These conservatively high estimates of pipeline requirements also compare favorably to industry projections of future pipeline capacity additions. Based on a review of a 2018 industry report, titled “North America Midstream Infrastructure through 2035: Significant Development Continues,” investment in midstream infrastructure development is expected to range between $10 to $20 billion per year through 2035. Approximately $5 to $10 billion annually is expected to be invested in natural gas pipelines through 2035. This report also projects that an average of over 1,400 miles of new natural gas pipeline will be built through 2035, which is similar to the approximately 1,670 miles that were built on average from 2013 to 2017. These values are consistent with the average annual expenditure of $5.75 billion on less than 1,800 miles per year of new pipeline construction that would be necessary for the entire operational fleet of existing coal-fired steam generating units to co-fire with natural gas. The actual pipeline investment for this subcategory would be substantially lower.

(C) Compliance Date for Medium-Term Coal-Fired Steam Generating Units

The EPA is finalizing a compliance date for medium-term coal-fired steam generating units of January 1, 2030.

As in the timeline for CCS for the long term coal-fired steam generating units described in section VII.C.1.a.i(E), the EPA assumes here that feasibility work occurs during the state plan development period, and that all subsequent work occurs after the state plan is submitted and thereby effective at the state level. The EPA assumes 12 months of feasibility work for the natural gas pipeline lateral and 6 months of feasibility work for boiler modifications (both to occur over June 2024 to June 2025). As with the feasibility analysis for CCS, the feasibility analysis for co-firing will inform the state plan and therefore it is reasonable to assume units will perform it during the state planning window. Feasibility for the pipeline includes a right-of-way and routing analysis. Feasibility for the boiler modifications includes conceptual studies and design basis.

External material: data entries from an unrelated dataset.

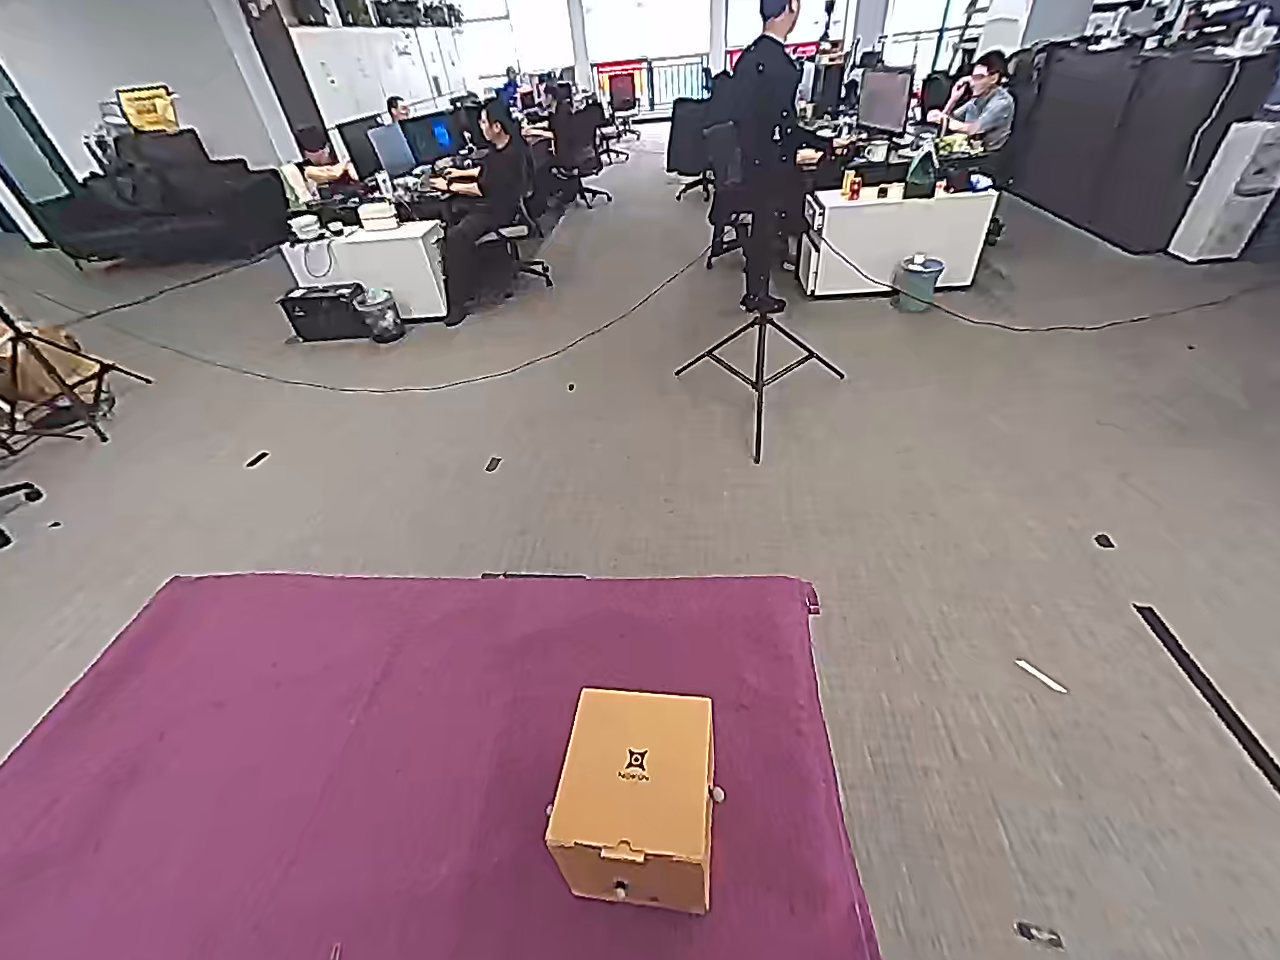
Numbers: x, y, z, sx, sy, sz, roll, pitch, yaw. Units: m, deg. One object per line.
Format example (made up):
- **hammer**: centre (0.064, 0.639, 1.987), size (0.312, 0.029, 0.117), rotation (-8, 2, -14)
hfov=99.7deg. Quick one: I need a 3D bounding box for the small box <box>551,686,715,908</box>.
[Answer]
- **small box**: centre (0.005, 0.381, 0.659), size (0.168, 0.176, 0.179), rotation (1, 39, 9)

The timeline for the natural gas pipeline permitting and construction is based on a review of recently completed permitting approvals and construction.[683] The average time to complete permitting and approval is less than 1.5 years, and the average time to complete actual construction is less than 1 year. Of the 31 reviewed pipeline projects, the vast majority (27 projects) took less than a total of 3 years for permitting and construction, and none took more than 3.5 years. Therefore, it is reasonable to assume that permitting and construction would take no more than 3 years for most sources (June 2026 to June 2029), noting that permitting Start Printed Page 39894 and construction for many sources would be faster.

The timeline for boiler modifications based on the baseline duration co-firing conversion project schedule developed by Sargent and Lundy.[684] The EPA assumes that, with the exception of the feasibility studies discussed above, work on the boiler modifications begins after the state plan submission due date. The EPA also assumes permitting for the boiler modifications is required and takes 12 months (June 2026 to June 2027). In the schedule developed by Sargent and Lundy, commercial arrangements for the boiler modification take about 6 months (June 2026 to December 2026). Detailed engineering and procurement takes about 7 months (December 2026 to July 2027), and begins after commercial arrangements are complete. Site work takes 3 months (July 2027 to October 2027), followed by 4 months of construction (October 2027 to February 2028). Lastly, startup and testing takes about 2 months (June 2029 to August 2029), noting that the EPA assumes this occurs after the natural gas pipeline lateral is constructed. Considering the preceding information, the EPA has determined January 1, 2030 is the compliance date for medium-term coal-fired steam generating units.

ii. Costs

The capital costs associated with the addition of new gas burners and other necessary boiler modifications depend on the extent to which the current boiler is already able to co-fire with some natural gas and on the amount of gas co-firing desired. The EPA estimates that, on average, the total capital cost associated with modifying existing boilers to operate at up to 100 percent of heat input using natural gas is approximately $52/kW. These costs could be higher or lower, depending on the equipment that is already installed and the expected impact on heat rate or steam temperature.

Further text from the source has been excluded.